Slow on the draw
Some of our users were complaining of slow performance on one of our web-based utilities. There are, unfortunately, a number of factors that can affect system performance. I haven’t spent much time learning the best practices for profiling a system to discover the source of bottlenecks, but my hunch was that the problem was in MySQL.
The users in question were having problems with slow
UPDATE statements. I used the status and variables tabs of PHPMyAdmin (PMA) to try and find any possible bottlenecks in MySQL. These tabs are equivalent to the
SHOW STATUS and
SHOW VARIABLES SQL statements respectively. The nice thing about PMA is that it will highlight any values it thinks may be causing a problem.
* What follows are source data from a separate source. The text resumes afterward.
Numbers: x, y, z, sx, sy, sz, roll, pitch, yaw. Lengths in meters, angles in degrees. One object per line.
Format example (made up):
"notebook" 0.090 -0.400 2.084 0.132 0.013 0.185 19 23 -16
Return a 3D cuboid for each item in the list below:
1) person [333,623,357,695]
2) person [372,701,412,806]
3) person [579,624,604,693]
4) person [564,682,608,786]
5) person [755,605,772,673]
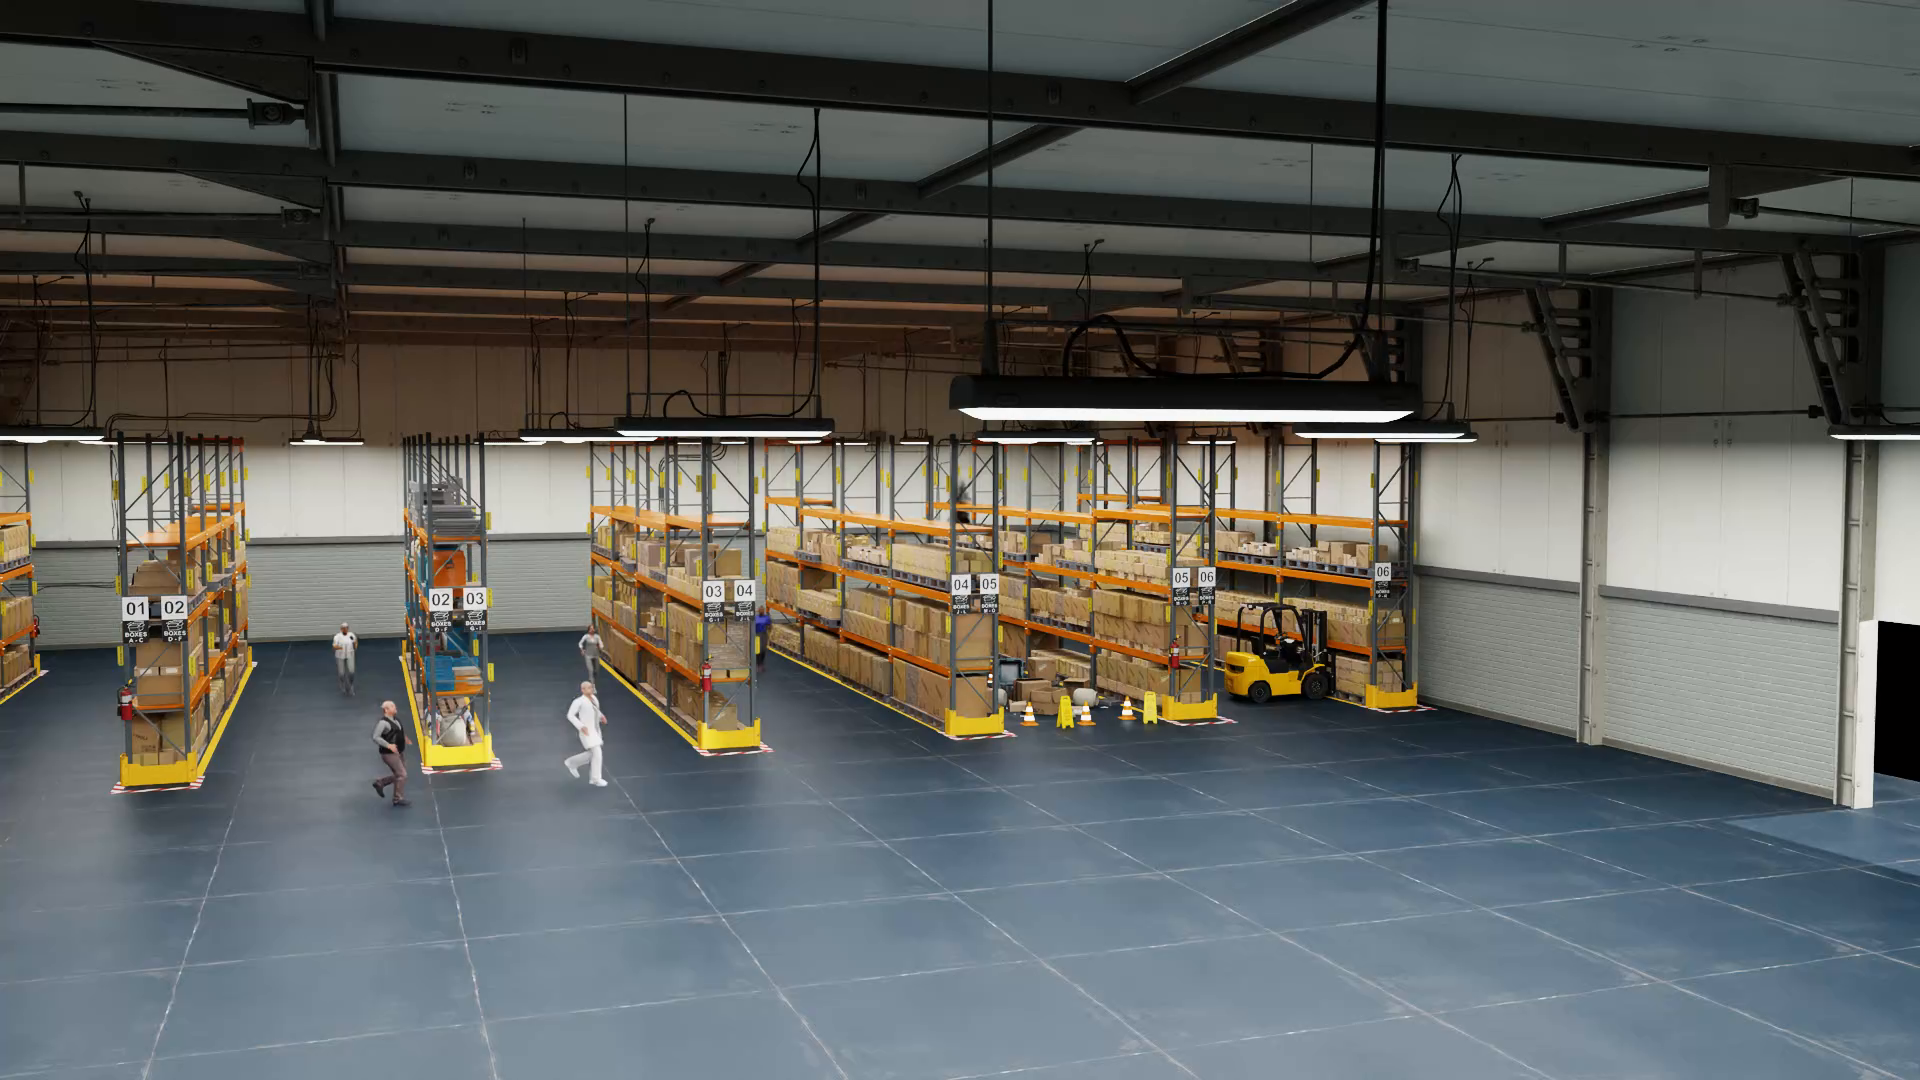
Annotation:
"person" -14.264 2.766 38.610 0.554 1.705 0.759 -1 3 -23
"person" -9.119 3.408 26.591 0.704 1.678 0.663 0 3 7
"person" -8.620 2.758 38.930 0.543 1.576 0.877 -2 4 -26
"person" -6.355 3.283 28.288 0.843 1.773 0.704 1 3 19
"person" -5.103 2.534 42.680 0.545 1.720 0.763 -1 3 -22

At first I thought locking might be the source of the slowdown, but after some testing I don’t think that’s the case. In my informal click test (clicking the save button on the form being used over and over) the worst delay I ran into was about five seconds. The delay time being experienced by the users was in the neighborhood of thirty seconds.
When I thought about the delay more I remembered a similar problem I’ve experienced myself when logging in to one of the utilities. The log in could easily take up to 30 seconds at times. It took a while to nail down the possible culprit, but I believe it may be the MySQL table cache. These are the tables MySQL has accessed that it stores in memory in order to speed up future access. After a bit more testing I’ve come to the conclusion that a significant slow-down may be occurring while as MySQL removes one table from the cache and loads another one. By upping the value of the
table_cache parameter in my.cnf I believe that the delay caused by this operation should be avoided.
I upped the
table_cache from 64 to 80. I thought about doubling the value to have a bit of a safety net, but the drawback would be higher RAM usage. I’ll have to watch the
opened_tables status variable and see if the new cache value is sufficient.
I won’t be able to see the affects until next week. The users say the problem seems to be worse in the mornings. This is likely the most probable time that the table cache is being optimized based on usage, with tables going in and out of the cache.
Staying off the disk
Table locking isn’t totally out of the question, though. With up to five people entering data at the same time it’s possible that a user could get stuck at the end of a locking queue waiting for the others to finish. There’s not a lot that can be done to prevent lock conflicts. We can raise the priority of
SELECTs or decrease the priority of
UPDATEs. Otherwise switching to InnoDB might show something of a performance increase (from the user’s perspective). Since InnoDB uses row-level locking the overall time a user spends waiting on locks could decrease significantly. Of course, InnoDB isn’t without its drawbacks in the form of higher overhead and the inability to perform full text searches. (Full text search is not a concern for the table involved in this instance.)
While I was modifying the operational parameters of MySQL I went ahead and updated the
tmp_table_size option as well. The number of temporary tables being written to disk was relatively high when compared to the total number of temporary tables created (almost 50%). This can cause sluggish response time as well so I’m hoping that updating this value (32M to 48M) will also show an improvement in server responsiveness. I have a feeling I’ll need to push this even higher, but again I need to keep an eye on overall RAM usage. All this optimization will prove pointless if the system has to start paging out to disk because the RAM is full.
Keeping it real (fast)
One issue to keep in mind with regard to server performance is indexes. A join should always be done on an indexed field, otherwise there can be serious lag as the system seeks out matching records. We appear to have a large number of join operations running that do not use indexes. Finding the offending SQL statements will require a bit of investigation, however, and so I don’t expect to address quickly. Also, I don’t believe this is an issue in the user-experienced sluggishness so I’ll probably address these as I come across them.